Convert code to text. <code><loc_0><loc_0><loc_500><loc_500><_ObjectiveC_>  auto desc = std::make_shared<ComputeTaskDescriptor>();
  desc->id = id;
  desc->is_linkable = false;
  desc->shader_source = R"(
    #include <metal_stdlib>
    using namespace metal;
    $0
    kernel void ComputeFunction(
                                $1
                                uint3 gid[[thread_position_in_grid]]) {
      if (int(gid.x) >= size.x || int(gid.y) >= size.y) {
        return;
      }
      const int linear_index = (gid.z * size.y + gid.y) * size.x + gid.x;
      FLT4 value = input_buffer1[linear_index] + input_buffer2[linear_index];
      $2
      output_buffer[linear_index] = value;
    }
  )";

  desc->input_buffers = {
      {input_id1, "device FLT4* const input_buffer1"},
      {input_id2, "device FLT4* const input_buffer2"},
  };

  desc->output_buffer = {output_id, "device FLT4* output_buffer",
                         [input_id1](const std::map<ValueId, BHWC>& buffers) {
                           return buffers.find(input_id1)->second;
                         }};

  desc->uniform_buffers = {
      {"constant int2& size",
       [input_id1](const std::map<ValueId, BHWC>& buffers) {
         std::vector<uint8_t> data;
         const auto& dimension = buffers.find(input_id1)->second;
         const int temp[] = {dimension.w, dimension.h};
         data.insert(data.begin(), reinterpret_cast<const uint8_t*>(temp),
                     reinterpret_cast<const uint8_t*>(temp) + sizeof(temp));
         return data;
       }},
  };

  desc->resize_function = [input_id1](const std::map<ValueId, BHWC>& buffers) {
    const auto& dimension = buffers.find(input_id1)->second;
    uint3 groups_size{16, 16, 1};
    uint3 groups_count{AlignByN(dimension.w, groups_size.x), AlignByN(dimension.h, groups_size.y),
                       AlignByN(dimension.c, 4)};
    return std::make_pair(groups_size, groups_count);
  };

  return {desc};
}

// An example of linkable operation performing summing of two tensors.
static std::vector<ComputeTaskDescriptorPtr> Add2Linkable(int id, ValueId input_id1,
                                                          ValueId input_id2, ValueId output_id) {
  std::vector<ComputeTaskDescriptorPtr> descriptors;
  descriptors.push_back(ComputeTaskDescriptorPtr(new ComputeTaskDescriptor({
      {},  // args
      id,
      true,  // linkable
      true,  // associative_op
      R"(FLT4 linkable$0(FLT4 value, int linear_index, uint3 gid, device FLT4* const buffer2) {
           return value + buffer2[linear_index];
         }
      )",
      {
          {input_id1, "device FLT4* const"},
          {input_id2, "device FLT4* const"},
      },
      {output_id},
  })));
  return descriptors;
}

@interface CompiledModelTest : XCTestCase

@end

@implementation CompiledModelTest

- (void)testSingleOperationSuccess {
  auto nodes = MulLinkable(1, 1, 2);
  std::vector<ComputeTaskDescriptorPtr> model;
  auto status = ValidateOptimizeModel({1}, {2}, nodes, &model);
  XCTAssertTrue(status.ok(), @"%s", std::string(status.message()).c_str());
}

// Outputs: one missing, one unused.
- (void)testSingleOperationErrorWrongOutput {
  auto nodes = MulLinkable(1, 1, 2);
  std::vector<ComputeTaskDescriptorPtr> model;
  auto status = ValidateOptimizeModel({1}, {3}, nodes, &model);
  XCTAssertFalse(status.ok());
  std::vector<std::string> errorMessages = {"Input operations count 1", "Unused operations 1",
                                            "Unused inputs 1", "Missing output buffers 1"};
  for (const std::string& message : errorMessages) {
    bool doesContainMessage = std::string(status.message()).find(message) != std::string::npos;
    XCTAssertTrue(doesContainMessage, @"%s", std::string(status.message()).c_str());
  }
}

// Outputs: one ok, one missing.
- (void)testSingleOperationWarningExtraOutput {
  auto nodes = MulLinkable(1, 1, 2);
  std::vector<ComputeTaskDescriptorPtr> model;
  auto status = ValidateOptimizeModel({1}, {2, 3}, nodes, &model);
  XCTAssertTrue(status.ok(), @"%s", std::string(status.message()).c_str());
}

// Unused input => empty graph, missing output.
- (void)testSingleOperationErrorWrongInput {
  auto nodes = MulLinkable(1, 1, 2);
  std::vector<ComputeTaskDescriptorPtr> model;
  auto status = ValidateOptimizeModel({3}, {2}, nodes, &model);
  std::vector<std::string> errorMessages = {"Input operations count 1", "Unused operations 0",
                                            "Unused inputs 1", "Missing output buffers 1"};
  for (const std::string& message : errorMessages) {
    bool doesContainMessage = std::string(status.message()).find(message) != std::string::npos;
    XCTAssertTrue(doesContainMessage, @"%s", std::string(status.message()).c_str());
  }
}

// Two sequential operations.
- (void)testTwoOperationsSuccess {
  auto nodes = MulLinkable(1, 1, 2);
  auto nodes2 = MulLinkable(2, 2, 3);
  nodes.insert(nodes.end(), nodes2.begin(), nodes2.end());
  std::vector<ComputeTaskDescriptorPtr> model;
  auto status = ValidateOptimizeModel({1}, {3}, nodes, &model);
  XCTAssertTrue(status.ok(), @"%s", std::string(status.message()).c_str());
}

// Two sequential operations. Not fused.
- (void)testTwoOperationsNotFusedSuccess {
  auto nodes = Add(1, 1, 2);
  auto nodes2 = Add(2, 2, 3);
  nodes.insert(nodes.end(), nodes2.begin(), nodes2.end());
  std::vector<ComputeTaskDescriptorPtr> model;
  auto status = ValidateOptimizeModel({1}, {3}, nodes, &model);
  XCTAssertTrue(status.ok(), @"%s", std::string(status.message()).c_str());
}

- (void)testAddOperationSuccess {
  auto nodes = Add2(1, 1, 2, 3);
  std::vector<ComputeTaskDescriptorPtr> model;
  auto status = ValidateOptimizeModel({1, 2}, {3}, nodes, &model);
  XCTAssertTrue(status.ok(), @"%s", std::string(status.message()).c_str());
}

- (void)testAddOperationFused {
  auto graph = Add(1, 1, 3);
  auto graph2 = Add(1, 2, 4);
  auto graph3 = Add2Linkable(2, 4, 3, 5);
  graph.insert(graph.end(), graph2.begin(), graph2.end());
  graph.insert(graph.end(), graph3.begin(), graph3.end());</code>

------------------------------------

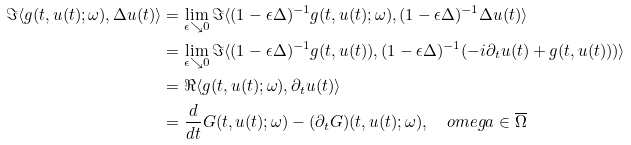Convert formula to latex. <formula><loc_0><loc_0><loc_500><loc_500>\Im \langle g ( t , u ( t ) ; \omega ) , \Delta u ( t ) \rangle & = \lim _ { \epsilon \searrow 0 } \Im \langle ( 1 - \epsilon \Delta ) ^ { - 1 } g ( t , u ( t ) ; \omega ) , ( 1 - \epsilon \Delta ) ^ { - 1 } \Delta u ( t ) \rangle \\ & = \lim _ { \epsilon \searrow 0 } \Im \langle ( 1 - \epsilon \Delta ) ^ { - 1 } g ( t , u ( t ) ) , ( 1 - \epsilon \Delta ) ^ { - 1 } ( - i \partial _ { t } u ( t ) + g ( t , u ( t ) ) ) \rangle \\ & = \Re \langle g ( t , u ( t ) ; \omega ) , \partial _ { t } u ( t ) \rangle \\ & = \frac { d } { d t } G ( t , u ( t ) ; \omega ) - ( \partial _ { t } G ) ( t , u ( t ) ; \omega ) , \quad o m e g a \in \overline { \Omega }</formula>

------------------------------------

The problem — This exercise requires the lines of the entries containing the string "data".

Answer section —
         std::vector<uint8_t> data;
         data.insert(data.begin(), reinterpret_cast<const uint8_t*>(temp),
         return data;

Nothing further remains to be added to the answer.